The distribution of RAB39B (RNA and protein) in cortical and midbrain regions could potentially explain the wide spectrum of clinical features that have been observed in individuals with mutations in RAB39B. Specifically, the function(s) of RAB39B in cortical and hippocampal regions are likely to be associated with the development of cognitive impairment, whilst its function(s) in the SNpc could be linked to the development of parkinsonism. Consistent with the mouse data reported herein, we have recently demonstrated substantial steady-state levels of RAB39B in human cortex, hippocampus and substantia nigra [14]. These observations suggest the mouse represents an appropriate model for further studies to investigate the pathological mechanisms underlying parkinsonism and cognitive dysfunction in RAB39B-mediated disease. Whilst the role of RAB39B in cognitive function is relatively well established, a specific role in the pathogenesis of parkinsonism is yet to be elucidated. Therefore, additional investigations into the distribution of RAB39B in other human brain regions affected in parkinsonism beyond the SN and CPu could help define its role in disease mechanisms.
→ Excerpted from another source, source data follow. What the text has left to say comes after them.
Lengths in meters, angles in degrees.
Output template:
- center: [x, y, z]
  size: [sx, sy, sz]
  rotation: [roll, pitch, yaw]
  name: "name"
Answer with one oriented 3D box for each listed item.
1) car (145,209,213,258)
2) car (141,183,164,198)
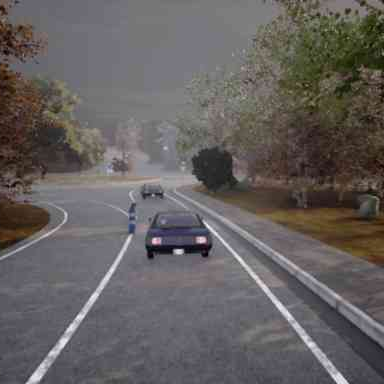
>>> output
- center: [-0.526, 1.234, 11.223]
  size: [1.895, 1.301, 4.718]
  rotation: [-1, 3, -5]
  name: "car"
- center: [-3.770, -0.212, 30.980]
  size: [1.895, 1.301, 4.718]
  rotation: [-1, 6, -11]
  name: "car"
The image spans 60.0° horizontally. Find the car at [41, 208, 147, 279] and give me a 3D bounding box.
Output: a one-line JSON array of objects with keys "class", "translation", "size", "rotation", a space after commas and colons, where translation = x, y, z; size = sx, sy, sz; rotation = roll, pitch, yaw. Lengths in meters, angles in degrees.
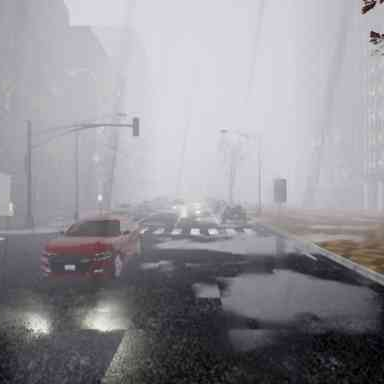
[{"class": "car", "translation": [-2.816, 1.489, 10.264], "size": [1.882, 1.535, 5.008], "rotation": [0, 0, 1]}]

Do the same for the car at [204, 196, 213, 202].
[{"class": "car", "translation": [3.955, 1.665, 80.994], "size": [2.008, 1.369, 4.403], "rotation": [0, 0, 1]}]

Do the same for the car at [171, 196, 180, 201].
[{"class": "car", "translation": [-4.341, 1.680, 86.653], "size": [2.008, 1.369, 4.403], "rotation": [0, 0, 1]}]

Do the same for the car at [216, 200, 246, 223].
[{"class": "car", "translation": [3.111, 1.565, 25.673], "size": [1.887, 1.381, 4.507], "rotation": [0, 0, 1]}]

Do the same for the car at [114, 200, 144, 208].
[{"class": "car", "translation": [-5.268, 1.573, 25.801], "size": [2.008, 1.369, 4.403], "rotation": [0, 0, 1]}]

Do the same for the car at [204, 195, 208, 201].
[{"class": "car", "translation": [3.704, 1.606, 64.568], "size": [1.752, 1.417, 4.829], "rotation": [0, 0, 1]}]

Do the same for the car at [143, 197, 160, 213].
[{"class": "car", "translation": [-5.099, 1.587, 36.866], "size": [2.008, 1.369, 4.403], "rotation": [0, 0, 1]}]

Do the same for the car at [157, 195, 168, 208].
[{"class": "car", "translation": [-4.930, 1.494, 47.930], "size": [1.967, 1.590, 4.097], "rotation": [0, 0, 1]}]

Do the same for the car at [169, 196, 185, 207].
[{"class": "car", "translation": [-2.159, 1.587, 53.304], "size": [1.994, 1.385, 4.181], "rotation": [0, 0, 1]}]

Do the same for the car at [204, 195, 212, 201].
[{"class": "car", "translation": [4.039, 1.568, 86.525], "size": [1.967, 1.590, 4.097], "rotation": [0, 0, 1]}]

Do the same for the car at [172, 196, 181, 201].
[{"class": "car", "translation": [-4.256, 1.694, 92.185], "size": [2.008, 1.369, 4.403], "rotation": [0, 0, 1]}]

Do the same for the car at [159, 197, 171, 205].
[{"class": "car", "translation": [-4.762, 1.654, 58.993], "size": [1.802, 1.307, 4.206], "rotation": [0, 0, 1]}]

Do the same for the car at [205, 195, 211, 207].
[{"class": "car", "translation": [3.533, 1.643, 53.333], "size": [1.802, 1.307, 4.206], "rotation": [0, 0, 1]}]

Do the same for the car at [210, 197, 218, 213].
[{"class": "car", "translation": [3.282, 1.560, 36.908], "size": [1.752, 1.417, 4.829], "rotation": [0, 0, 1]}]

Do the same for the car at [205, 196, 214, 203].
[{"class": "car", "translation": [3.870, 1.647, 75.462], "size": [1.887, 1.381, 4.507], "rotation": [0, 0, 1]}]

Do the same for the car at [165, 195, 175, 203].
[{"class": "car", "translation": [-4.593, 1.532, 70.058], "size": [1.967, 1.590, 4.097], "rotation": [0, 0, 1]}]
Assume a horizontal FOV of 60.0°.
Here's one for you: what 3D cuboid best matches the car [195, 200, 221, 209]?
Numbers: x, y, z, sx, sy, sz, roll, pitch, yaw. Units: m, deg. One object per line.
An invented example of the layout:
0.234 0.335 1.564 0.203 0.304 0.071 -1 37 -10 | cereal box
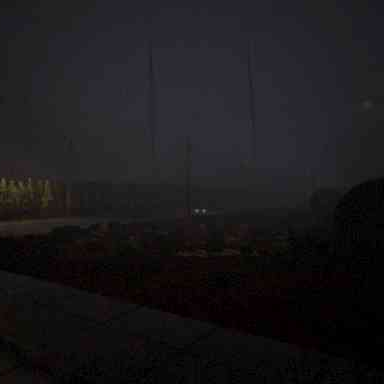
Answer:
2.548 1.881 51.141 2.033 1.411 5.357 -1 0 33 | car
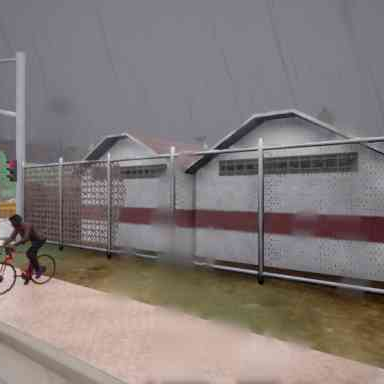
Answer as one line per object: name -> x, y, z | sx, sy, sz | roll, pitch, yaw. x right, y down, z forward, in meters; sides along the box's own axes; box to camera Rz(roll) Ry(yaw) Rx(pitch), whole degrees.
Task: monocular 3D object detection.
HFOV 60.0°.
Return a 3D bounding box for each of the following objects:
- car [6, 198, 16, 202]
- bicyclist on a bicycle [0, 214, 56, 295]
car -> -22.352, 1.478, 42.727 | 1.882, 1.535, 5.008 | 0, 0, 35
bicyclist on a bicycle -> -3.639, 1.302, 7.156 | 0.582, 1.620, 1.656 | 0, 0, 30
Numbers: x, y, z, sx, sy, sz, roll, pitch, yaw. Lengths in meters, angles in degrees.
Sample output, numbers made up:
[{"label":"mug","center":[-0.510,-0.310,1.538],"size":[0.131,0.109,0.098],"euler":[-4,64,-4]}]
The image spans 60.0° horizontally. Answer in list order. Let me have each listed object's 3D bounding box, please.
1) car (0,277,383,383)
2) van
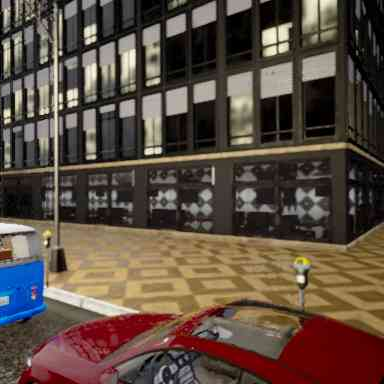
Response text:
[{"label":"car","center":[0.296,1.593,2.662],"size":[4.206,1.307,1.802],"euler":[-1,0,35]},{"label":"van","center":[-4.346,1.403,5.972],"size":[3.998,1.788,1.690],"euler":[-1,0,35]}]
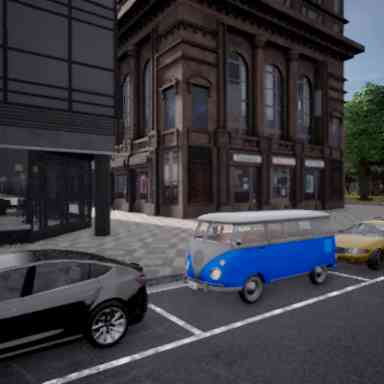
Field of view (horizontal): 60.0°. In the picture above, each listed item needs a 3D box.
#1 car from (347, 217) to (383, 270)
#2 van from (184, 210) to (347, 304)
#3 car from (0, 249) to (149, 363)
[{"bbox_3d":[6.013,1.519,10.957,4.829,1.417,1.752,0,0,-36],"label":"car"},{"bbox_3d":[1.727,1.346,7.894,3.998,1.788,1.690,0,0,-36],"label":"van"},{"bbox_3d":[-2.696,1.582,4.730,4.313,1.339,1.947,0,0,-36],"label":"car"}]
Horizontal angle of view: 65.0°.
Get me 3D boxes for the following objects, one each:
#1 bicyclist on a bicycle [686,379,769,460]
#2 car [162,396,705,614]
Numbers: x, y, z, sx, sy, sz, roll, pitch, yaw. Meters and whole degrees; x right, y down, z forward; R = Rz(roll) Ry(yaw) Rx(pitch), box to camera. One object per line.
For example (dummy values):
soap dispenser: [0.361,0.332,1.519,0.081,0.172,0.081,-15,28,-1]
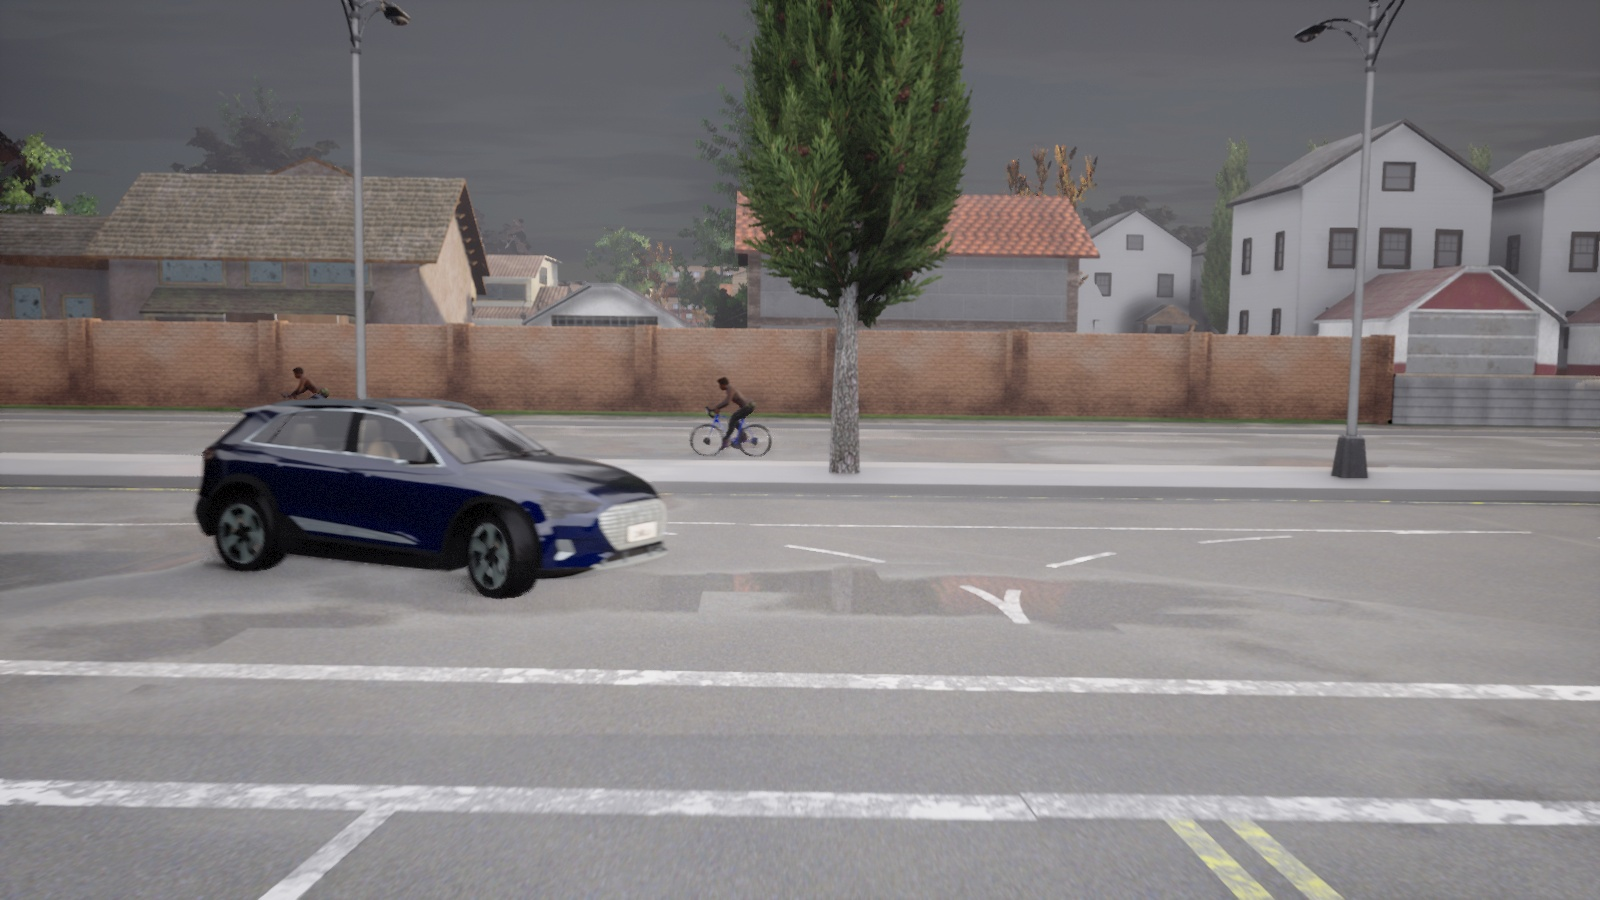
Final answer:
bicyclist on a bicycle: [-1.457,-0.626,25.459,1.656,1.620,0.582,0,5,-2]
car: [-3.553,0.371,12.139,4.856,1.649,2.033,3,4,24]

The abundance of RAB39B protein in neuronal somas is suggestive of a role for RAB39B in trafficking events in the cell body as opposed to axonal projections and neuronal synapses. This hypothesis is supported by the lack of RAB39B localized to dopaminergic synapses in the striatum by ISH and IHC. To date, the intracellular localization of endogenous RAB39B has not been well defined in vitro or in vivo. However, one study investigated the intracellular localization of RAB39B using neural differentiated PC12 and SK-N-BE [2] C cells overexpressing RAB39B. Immunofluorescent microscopy showed that wildtype RAB39B could be observed throughout the cytoplasm of cell bodies, at the plasma membranes and at neuritic processes [15]. In order to definitively define the specific intracellular localization of endogenous RAB39B, further studies are required, which will be facilitated by the mouse models generated in this study, in addition to previously generated stem cell models [13].

In conclusion, we have expanded on current knowledge of the distribution of RAB39B in mouse brain, and demonstrated that neuronal localization of the endogenous protein is not limited to cortical regions as has been previously reported. Further, we generated and validated monoclonal antibodies for RAB39B and mouse models with KO of Rab39b. Ongoing studies are now investigating the subcellular localization of RAB39B and testing the behavioral and biochemical phenotypes observed in aged KO mice. These novel resources represent valuable tools for future investigations into the physiological function(s) of RAB39B and its role in human disease states.